Task details
Please print each entry below exactly as it stands, but without any pictures.

Records from a data collection
########################################
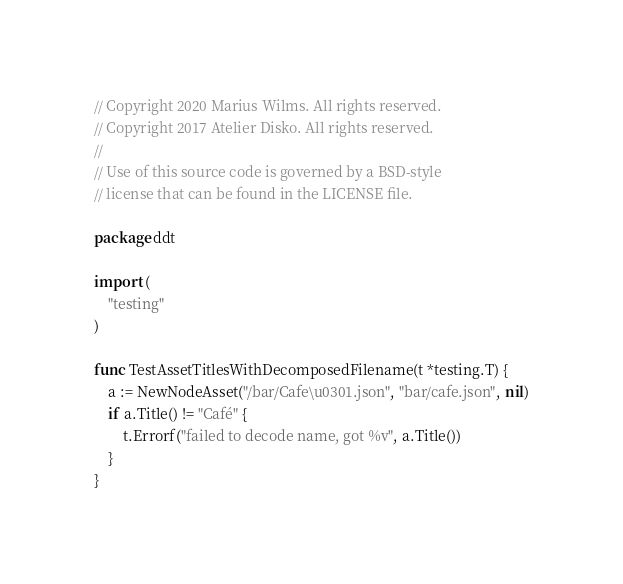Convert code to text. <code><loc_0><loc_0><loc_500><loc_500><_Go_>// Copyright 2020 Marius Wilms. All rights reserved.
// Copyright 2017 Atelier Disko. All rights reserved.
//
// Use of this source code is governed by a BSD-style
// license that can be found in the LICENSE file.

package ddt

import (
	"testing"
)

func TestAssetTitlesWithDecomposedFilename(t *testing.T) {
	a := NewNodeAsset("/bar/Cafe\u0301.json", "bar/cafe.json", nil)
	if a.Title() != "Café" {
		t.Errorf("failed to decode name, got %v", a.Title())
	}
}
</code>
########################################
Task response
Convert code to text. <code><loc_0><loc_0><loc_500><loc_500><_Go_>// Copyright 2020 Marius Wilms. All rights reserved.
// Copyright 2017 Atelier Disko. All rights reserved.
//
// Use of this source code is governed by a BSD-style
// license that can be found in the LICENSE file.

package ddt

import (
	"testing"
)

func TestAssetTitlesWithDecomposedFilename(t *testing.T) {
	a := NewNodeAsset("/bar/Cafe\u0301.json", "bar/cafe.json", nil)
	if a.Title() != "Café" {
		t.Errorf("failed to decode name, got %v", a.Title())
	}
}
</code>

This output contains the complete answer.